A linear regression verifies the above mentioned finding but does not show a nonlinear association. On the other hand, nonparametric tests cannot find a difference in the medians and distributions of small and large sub-samples. In general, we find stronger evidence for the fund size and efficiency relation than Basso and Funari (2017) who conclude a weak association between these two for the European markets and that there is no need to add size as an input to the DEA method.

The existence of a positive and significant size impact may be attributed to the Turkish fund market specifics. Most large funds are bank-based, although they are legally separated entities. Such a market structure may lead to lower transaction costs for large funds due to the economies of scale and better managerial techniques. One more argument to explain this relation is the fund managers’ tendency to exploit the fund assets. More specifically, Chevalier and Ellison (1997) and Brown et al. (1996) state that fund managers are eager to be among winners in the market in order to attract more cash inflows because their compensation is based on the fund’s total assets. This positive size effect might be attributed to those efforts. This situation is even valid for the Turkish mutual fund market where cash outflows are observed from well performed funds of the previous period.

The addition of size input into the DEA provides an analysis that considers mutual fund efficiency as a function of managerial skill, cost, risk, and fund size. The results exhibit a different efficiency frontier and a higher number of funds operating on the frontier. Larger funds are generally more efficient.
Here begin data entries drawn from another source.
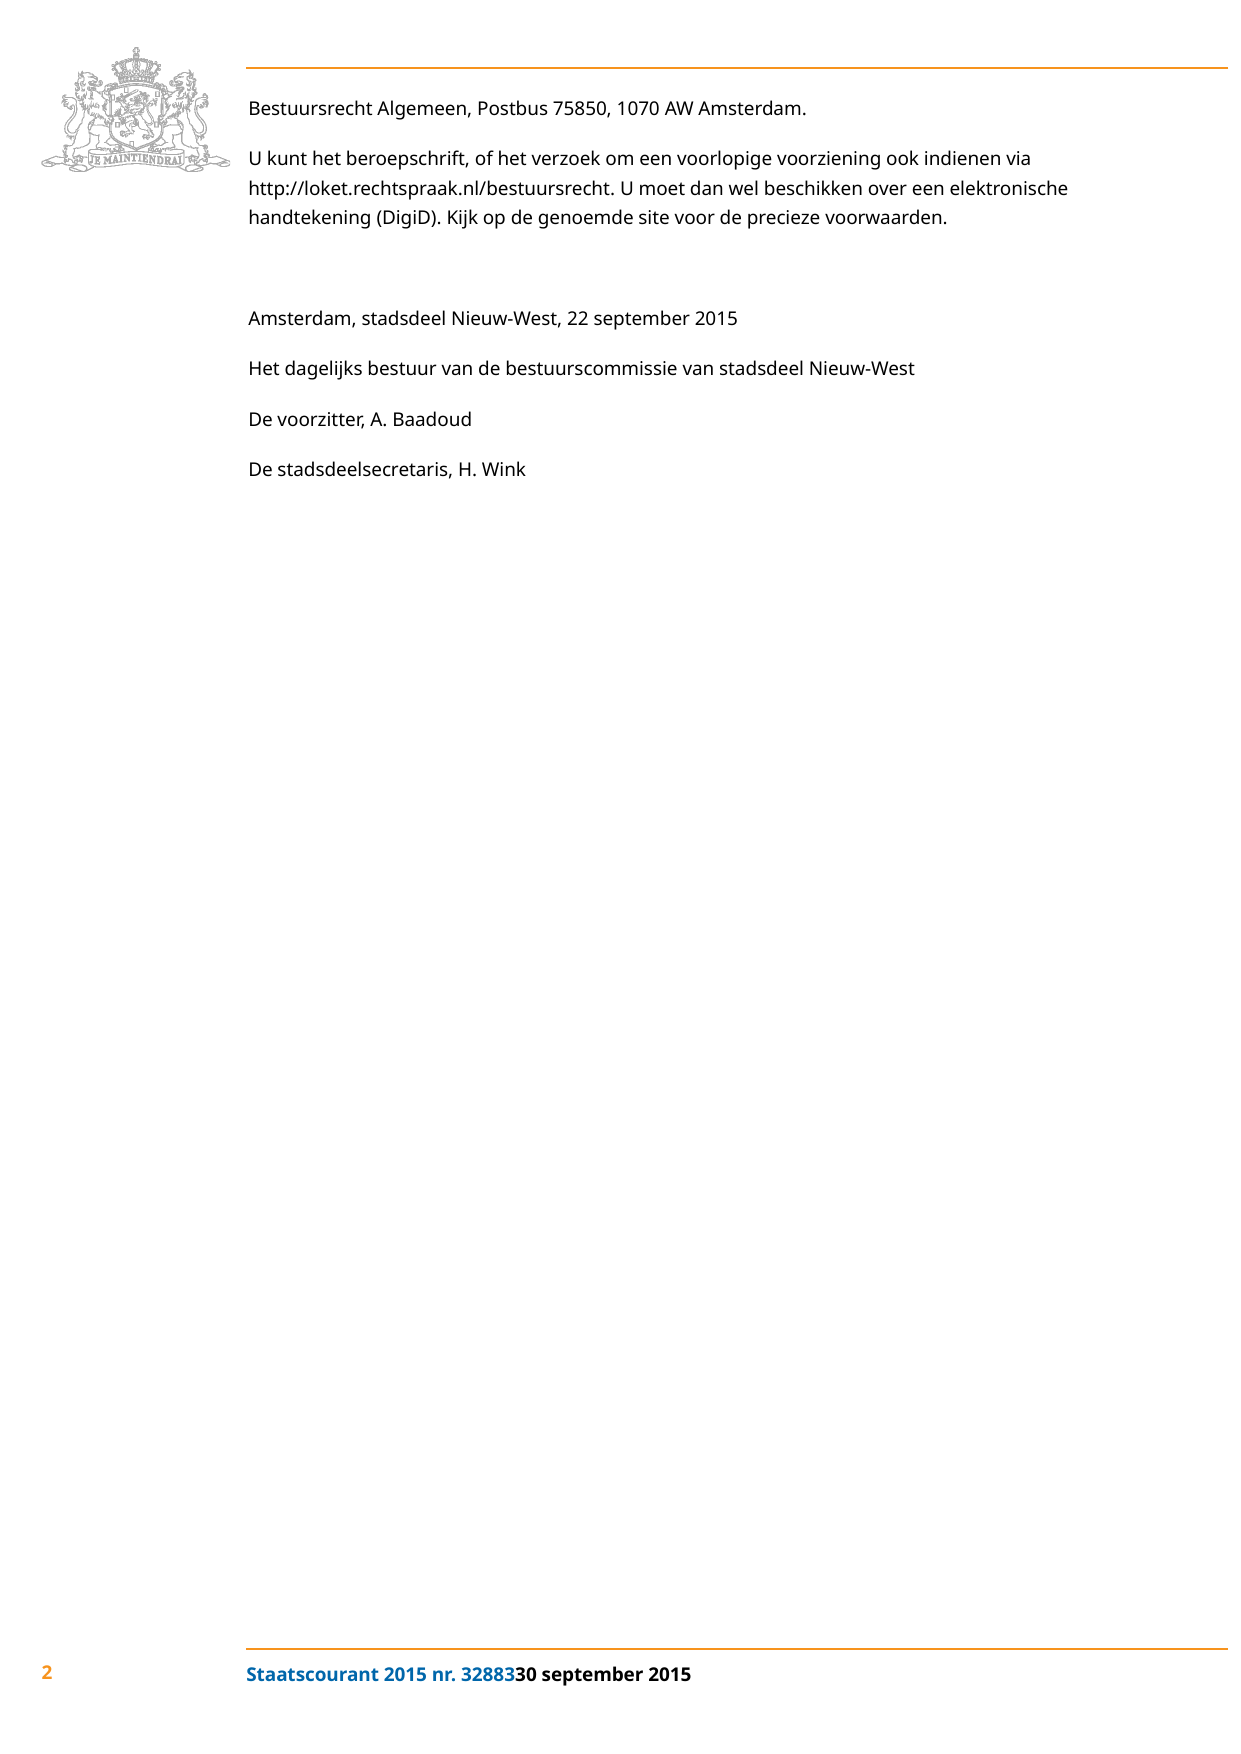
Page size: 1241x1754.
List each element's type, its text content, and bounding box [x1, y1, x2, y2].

text U kunt het beroepschrift, of het verzoek om een voorlopige voorziening ook indienen via http://loket.rechtspraak.nl/bestuursrecht. U moet dan wel beschikken over een elektronische handtekening (DigiD). Kijk op de genoemde site voor de precieze voorwaarden. [248, 145, 1152, 230]
picture [41, 47, 231, 172]
text Bestuursrecht Algemeen, Postbus 75850, 1070 AW Amsterdam. [248, 95, 1152, 121]
text Het dagelijks bestuur van de bestuurscommissie van stadsdeel Nieuw-West [248, 356, 1152, 381]
text Amsterdam, stadsdeel Nieuw-West, 22 september 2015 [248, 305, 1152, 331]
text De stadsdeelsecretaris, H. Wink [248, 456, 1152, 482]
text De voorzitter, A. Baadoud [248, 406, 1152, 432]
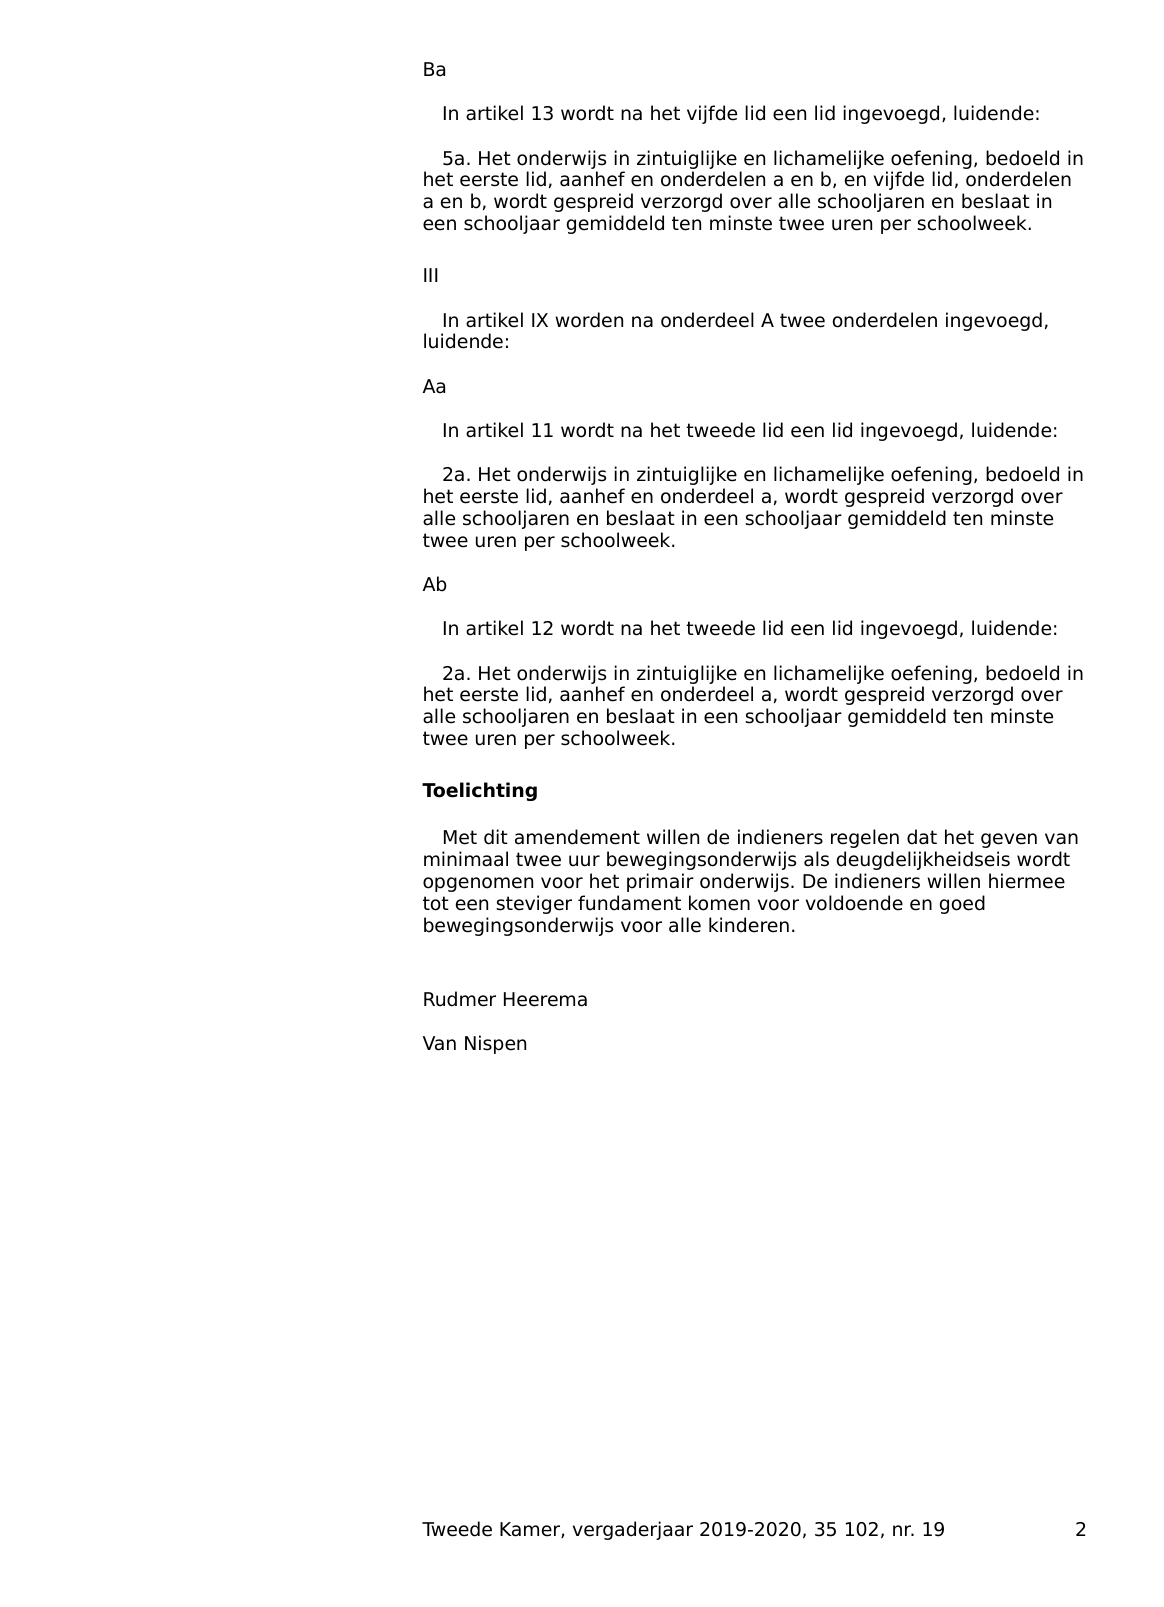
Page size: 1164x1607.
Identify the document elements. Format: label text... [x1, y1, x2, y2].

text 5a. Het onderwijs in zintuiglijke en lichamelijke oefening, bedoeld in het eerste lid, aanhef en onderdelen a en b, en vijfde lid, onderdelen a en b, wordt gespreid verzorgd over alle schooljaren en beslaat in een schooljaar gemiddeld ten minste twee uren per schoolweek. [422, 147, 1087, 235]
text Ba [422, 59, 1087, 81]
text 2a. Het onderwijs in zintuiglijke en lichamelijke oefening, bedoeld in het eerste lid, aanhef en onderdeel a, wordt gespreid verzorgd over alle schooljaren en beslaat in een schooljaar gemiddeld ten minste twee uren per schoolweek. [422, 662, 1087, 750]
text Ab [422, 574, 1087, 596]
text In artikel 13 wordt na het vijfde lid een lid ingevoegd, luidende: [422, 103, 1087, 125]
text In artikel 11 wordt na het tweede lid een lid ingevoegd, luidende: [422, 420, 1087, 442]
text Aa [422, 376, 1087, 398]
text In artikel 12 wordt na het tweede lid een lid ingevoegd, luidende: [422, 618, 1087, 640]
text In artikel IX worden na onderdeel A twee onderdelen ingevoegd, luidende: [422, 309, 1087, 353]
subtitle III [422, 265, 1087, 287]
text Rudmer Heerema Van Nispen [422, 967, 1087, 1055]
text Met dit amendement willen de indieners regelen dat het geven van minimaal twee uur bewegingsonderwijs als deugdelijkheidseis wordt opgenomen voor het primair onderwijs. De indieners willen hiermee tot een steviger fundament komen voor voldoende en goed bewegingsonderwijs voor alle kinderen. [422, 827, 1087, 937]
subtitle Toelichting [422, 780, 1087, 802]
text 2a. Het onderwijs in zintuiglijke en lichamelijke oefening, bedoeld in het eerste lid, aanhef en onderdeel a, wordt gespreid verzorgd over alle schooljaren en beslaat in een schooljaar gemiddeld ten minste twee uren per schoolweek. [422, 464, 1087, 552]
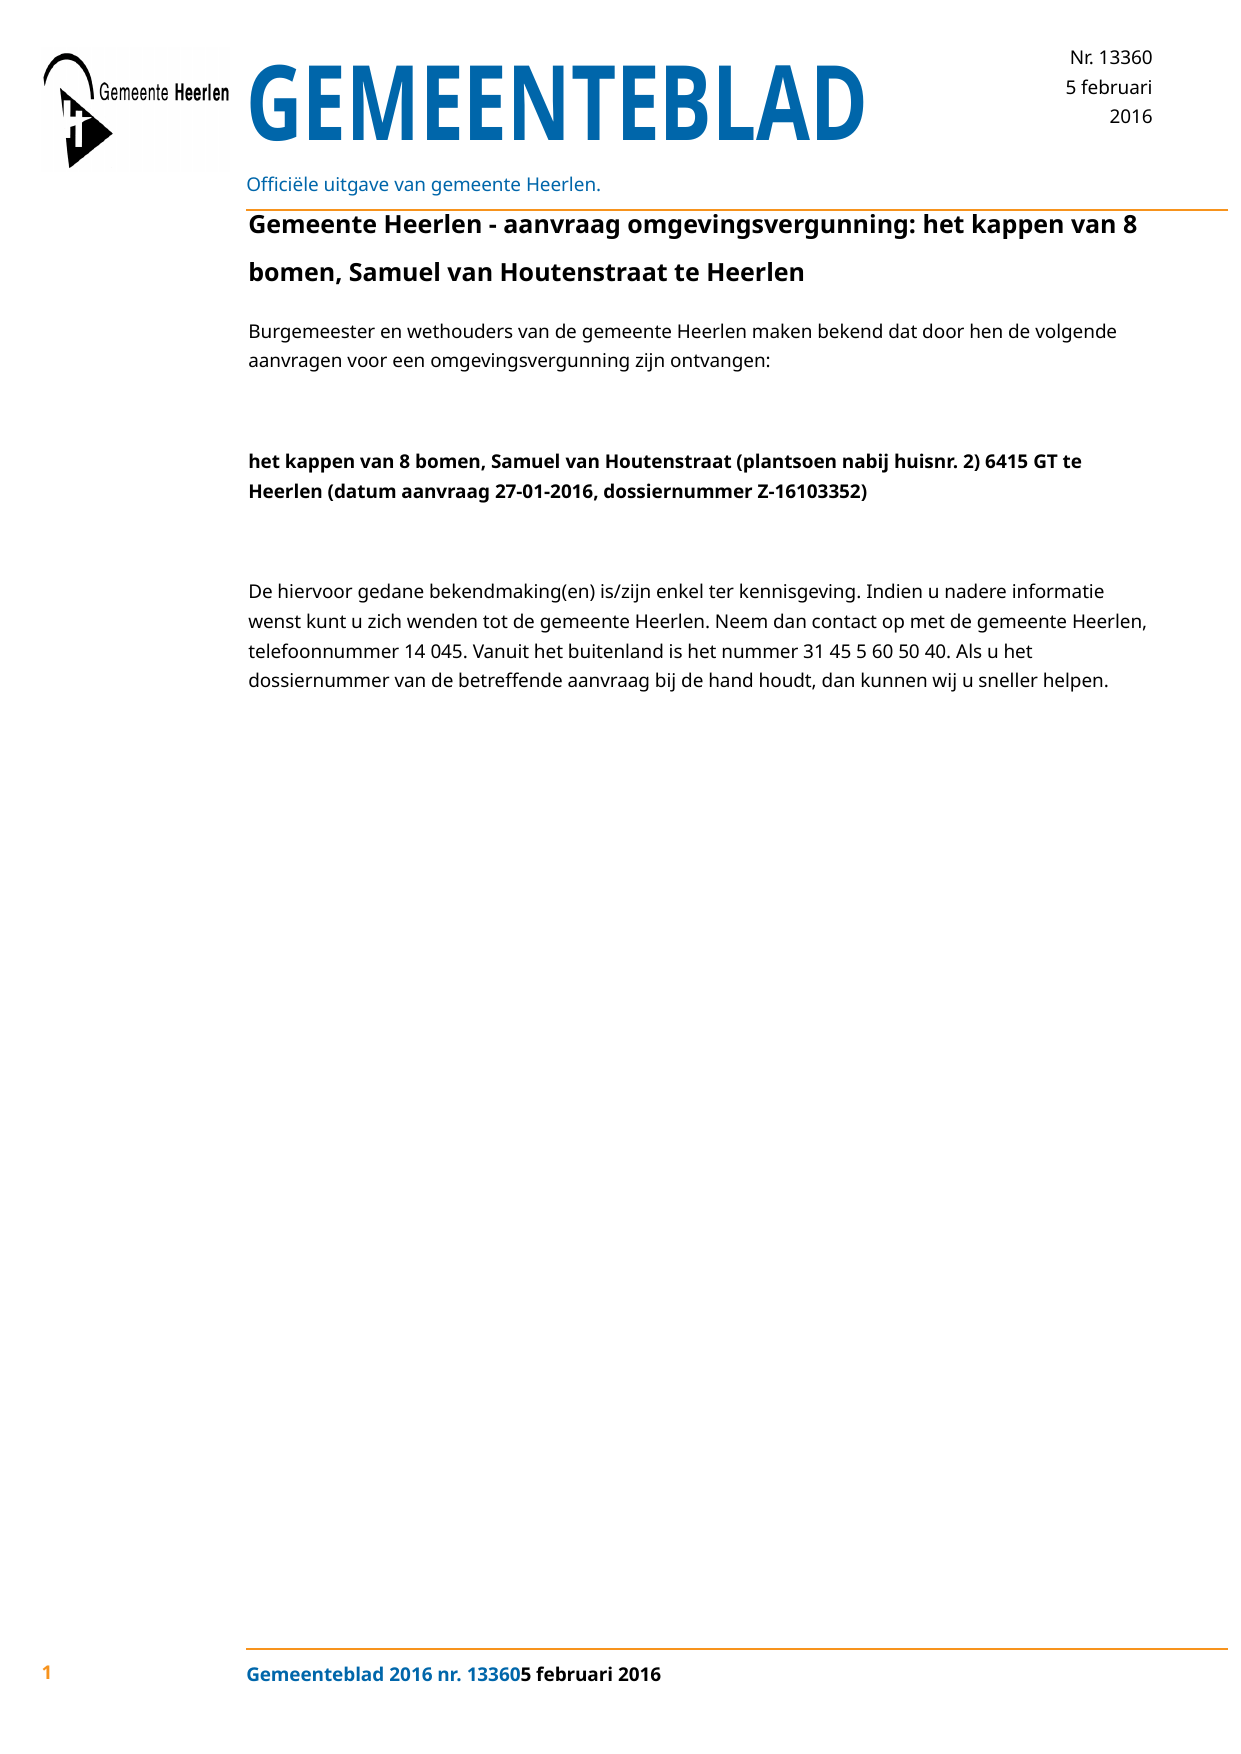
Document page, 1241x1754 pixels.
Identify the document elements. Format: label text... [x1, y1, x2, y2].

text De hiervoor gedane bekendmaking(en) is/zijn enkel ter kennisgeving. Indien u nadere informatie wenst kunt u zich wenden tot de gemeente Heerlen. Neem dan contact op met de gemeente Heerlen, telefoonnummer 14 045. Vanuit het buitenland is het nummer 31 45 5 60 50 40. Als u het dossiernummer van de betreffende aanvraag bij de hand houdt, dan kunnen wij u sneller helpen. [248, 579, 1152, 693]
text Burgemeester en wethouders van de gemeente Heerlen maken bekend dat door hen de volgende aanvragen voor een omgevingsvergunning zijn ontvangen: [248, 318, 1152, 373]
text Gemeente Heerlen - aanvraag omgevingsvergunning: het kappen van 8 bomen, Samuel van Houtenstraat te Heerlen [248, 211, 1152, 288]
picture [41, 47, 231, 172]
text het kappen van 8 bomen, Samuel van Houtenstraat (plantsoen nabij huisnr. 2) 6415 GT te Heerlen (datum aanvraag 27-01-2016, dossiernummer Z-16103352) [248, 448, 1152, 504]

Evaluating relative mean slacks shows that although the number of funds with zero slacks with respect to size is high, particularly in 2016 it decreases significantly. It cannot rise to its previous level even in the recovery period. The intense cash outflows and the tendency to liquidate when in the profit zone among the fund investors might explain this situation. This suggests that fund managers have difficulties managing fund size in the crisis periods. Especially in these periods, fund size might add to the fund efficiencies. The visual comparison of DEA scores throughout the years with and without size as an input verifies this finding. Last, fund managers need to pay attention to the risk of the portfolio, most especially to fund beta.